Allen Downey wrote great short books to introduce statistics in a fun way, going over examples and exercises using python. They are freely available to boot.
###Update!
A new version of Think Stats has been released, and we switched over to the new one. It's a massive overhaul and includes many great new features for us, most obviously the v. convenient integration of packages that are staples in the bootcamp:pandas
,scipy
, andstatsmodels
.
Think Stats is a great book to both refresh/learn the most critical statistics topics and gain experience in how you'd apply statistics analysis to problems using python. It covers typical statistics topics from a modern, simulation/coding based perspective. The chapters are quite concise and easy to read.
You can download a PDF or read the book online here. Of course, if you are so inclined, you can also buy a hard copy on Amazon, but that is not necessary.
The older 1st edition is still available here: linky
We will be focusing on the first 9 chapters. You can go through these chapters in 6 to 9 hours (depending on how familiar you are with statistics and python) Please do so.

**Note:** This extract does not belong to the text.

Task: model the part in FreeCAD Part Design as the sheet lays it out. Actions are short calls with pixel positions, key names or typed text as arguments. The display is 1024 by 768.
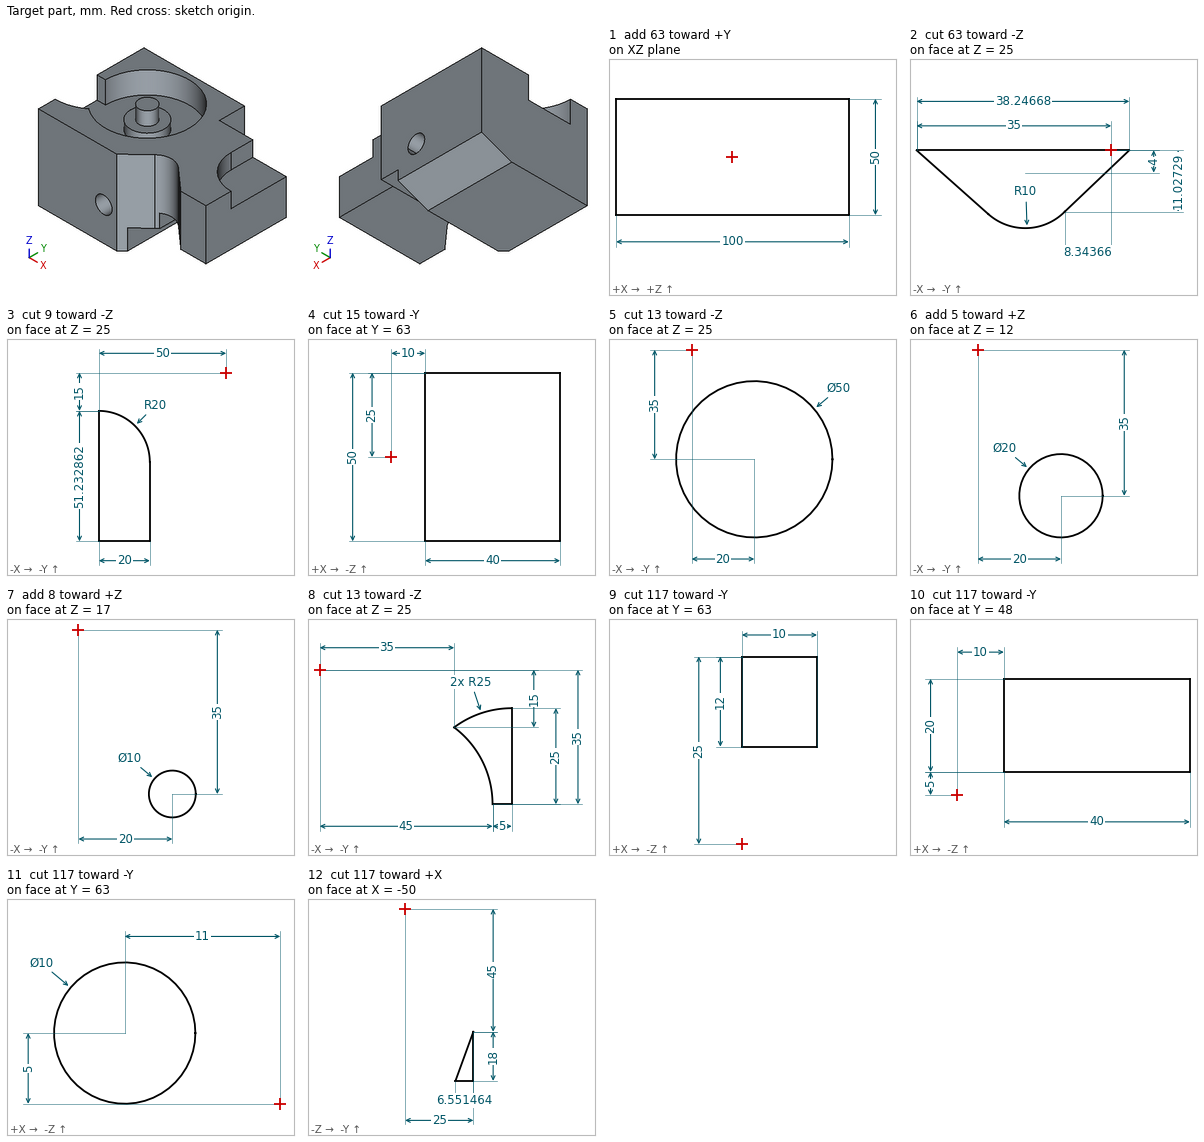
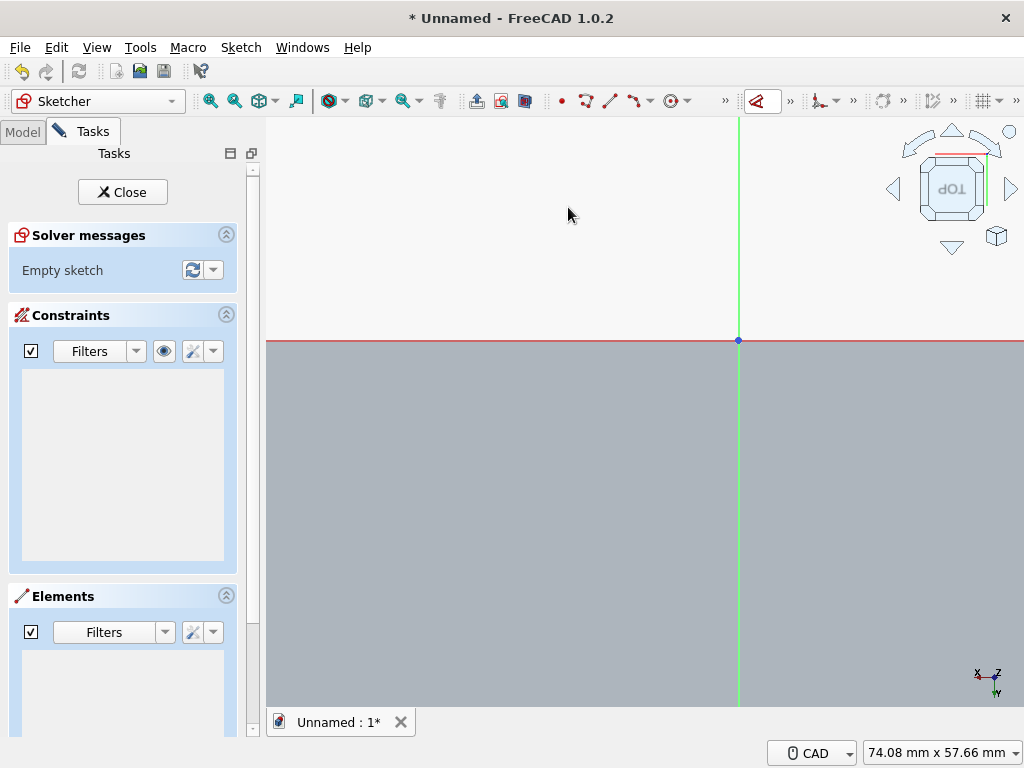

If it takes somewhat longer, that's fine. However, don't get stuck too long on a single chapter. This preparation will help you a lot, and it will provide a good initial exposure to using python for data analysis, but it is not your only chance to internalize these topics. If at any point you feel overwhelmed, don't worry. You don't need to master all of this in prework.

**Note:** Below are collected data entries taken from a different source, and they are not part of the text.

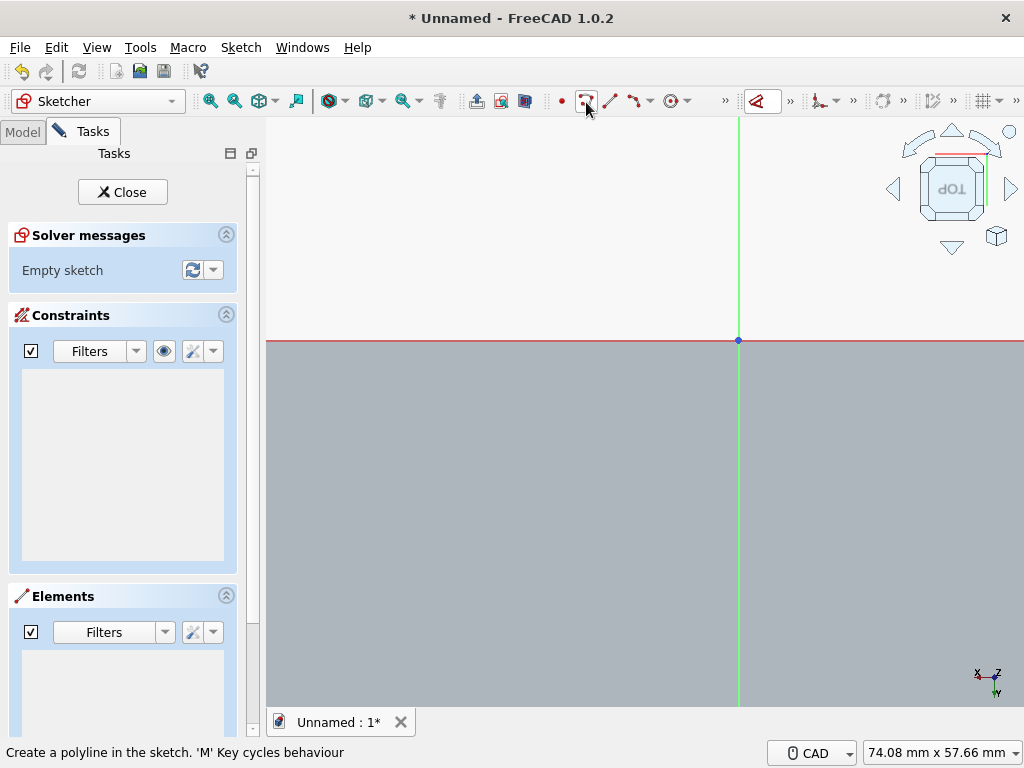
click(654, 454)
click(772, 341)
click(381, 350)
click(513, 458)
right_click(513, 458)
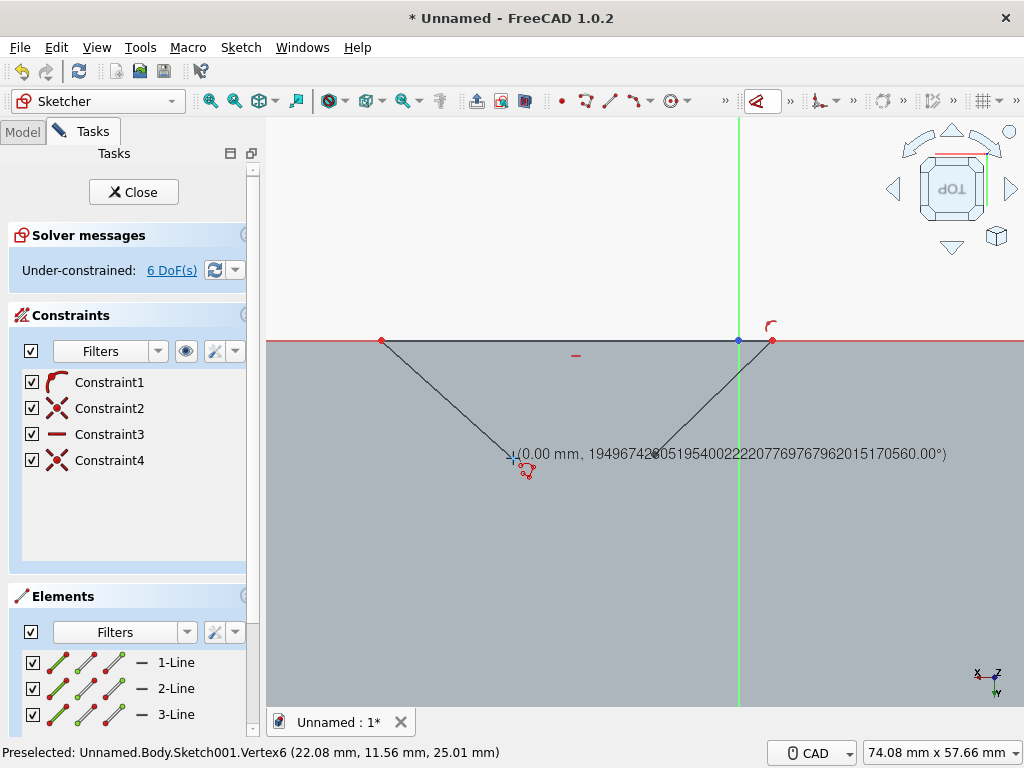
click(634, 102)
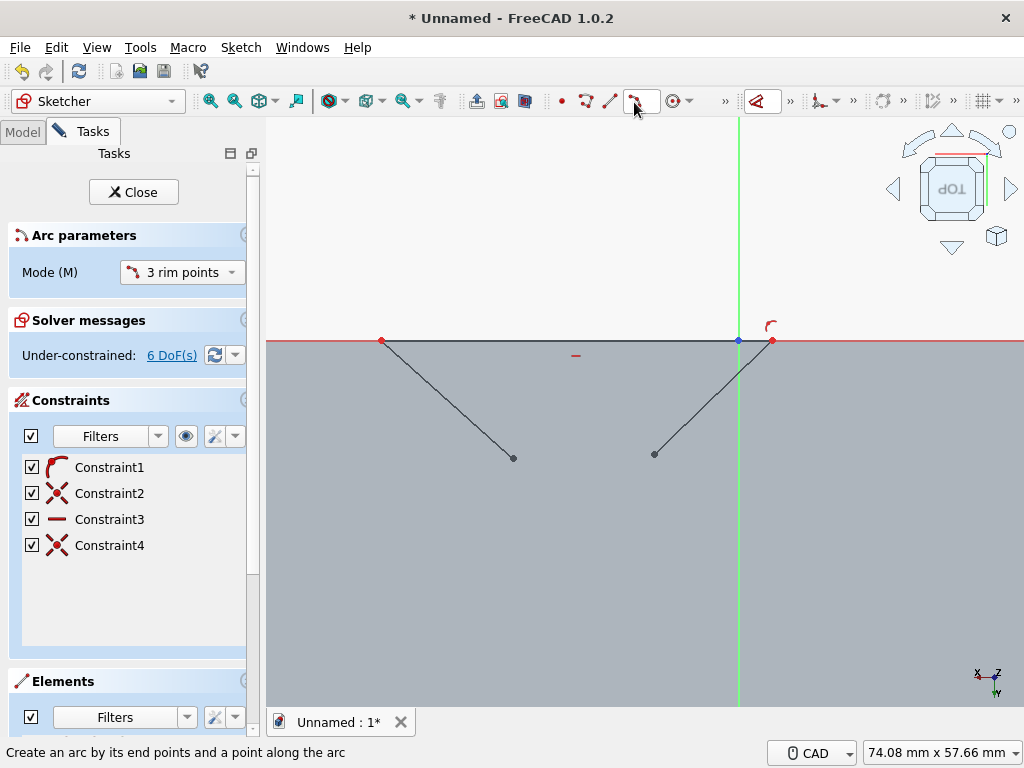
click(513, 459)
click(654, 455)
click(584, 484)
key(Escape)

5 of the 6 required exercises are also from this book. It would be a good idea to tackle these exercises as you work your way through the book. For example, the first exercise is 2.4 at the end of chapter 2. The best time to start working on it is after you read Chapter 2.
If you can finish the required exercises with time to spend, we suggest working on some of the optional ones. These may take longer, but will definitely improve your skills and bootcamp experience. Take your time with these exercises, don't rush them. Don't push yourself to finish any of them, if you're short on time. Even completing a single of these is an excellent bonus.

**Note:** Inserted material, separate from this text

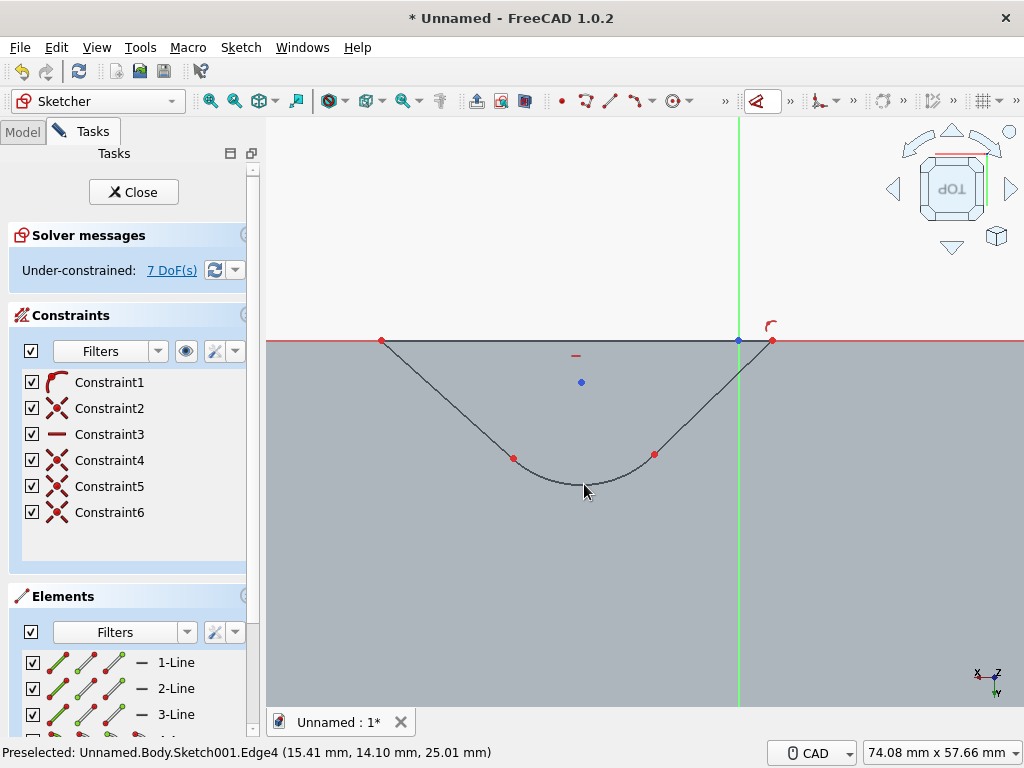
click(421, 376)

Another important subject is the Bayesian approach to probability, where probability is approached as the state of knowledge rather than the expected frequency of things. This Bayesian approach is used in a lot of data science applications. Luckily, Downey used his method in Think Stats to write another free introduction book on Bayes with python-based examples and exercises. It is called Think Bayes and you can find it here.
Please read the first two chapters of this book will work both as a reinforcement of probabilities (covered by Think Stats as well) and an introduction to the Bayesian framework.
The last required exercise is from Think Bayes, and two optional exercises are also Bayesian problems.